_Task_. When you reach a picture, leave it out; output everything else in the records exactly.

* * *

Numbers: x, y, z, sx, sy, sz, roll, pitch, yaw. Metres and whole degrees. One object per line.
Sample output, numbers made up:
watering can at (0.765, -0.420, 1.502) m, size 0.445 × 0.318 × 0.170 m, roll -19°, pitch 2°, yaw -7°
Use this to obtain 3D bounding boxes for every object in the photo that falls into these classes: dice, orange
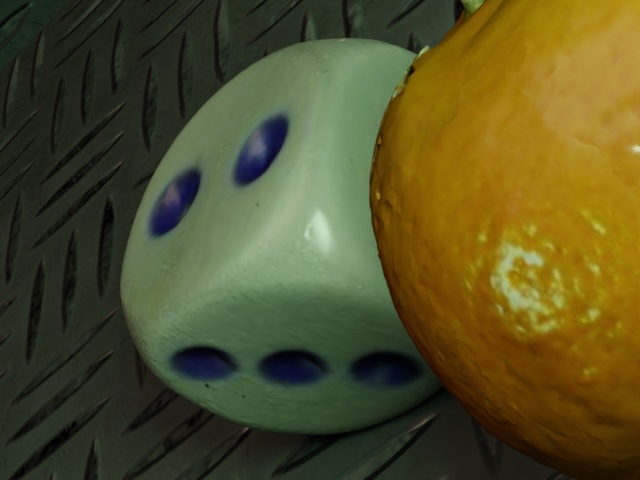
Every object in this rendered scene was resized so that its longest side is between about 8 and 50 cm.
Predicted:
dice at (0.000, 0.000, 1.631) m, size 0.304 × 0.277 × 0.304 m, roll -29°, pitch 40°, yaw 41°
orange at (0.220, -0.059, 1.029) m, size 0.424 × 0.326 × 0.424 m, roll -51°, pitch -3°, yaw -4°
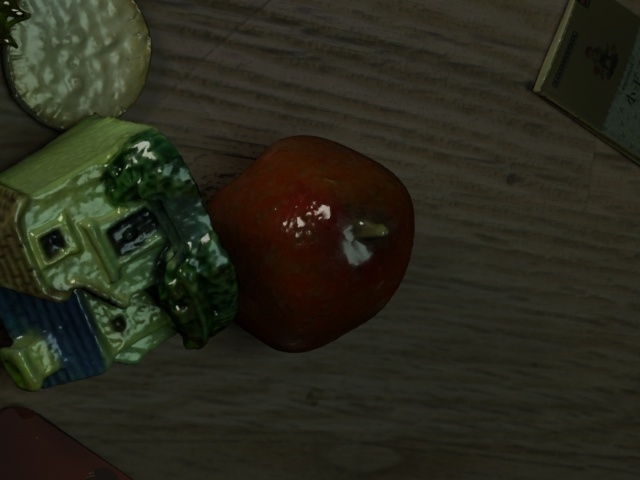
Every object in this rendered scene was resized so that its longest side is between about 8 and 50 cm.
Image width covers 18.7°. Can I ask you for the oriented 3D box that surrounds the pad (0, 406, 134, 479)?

* * *

_Exercise output_.
Numbers: x, y, z, sx, sy, sz, roll, pitch, yaw. Metres and whole degrees. One object per line.
Sample output, numbers made up:
watering can at (0.765, -0.420, 1.502) m, size 0.445 × 0.318 × 0.170 m, roll -19°, pitch 2°, yaw -7°
Use this to obtain 3D bounding boxes for every object in the photo that falls into these classes: dice, orange
Every object in this rendered scene was resized so that its longest side is between about 8 and 50 cm.
Predicted:
dice at (0.000, 0.000, 1.631) m, size 0.304 × 0.277 × 0.304 m, roll -29°, pitch 40°, yaw 41°
orange at (0.220, -0.059, 1.029) m, size 0.424 × 0.326 × 0.424 m, roll -51°, pitch -3°, yaw -4°
Every object in this rendered scene was resized so that its longest side is between about 8 and 50 cm.
Image width covers 18.7°. Can I ask you for the oriented 3D box that surrounds the pad (0, 406, 134, 479)?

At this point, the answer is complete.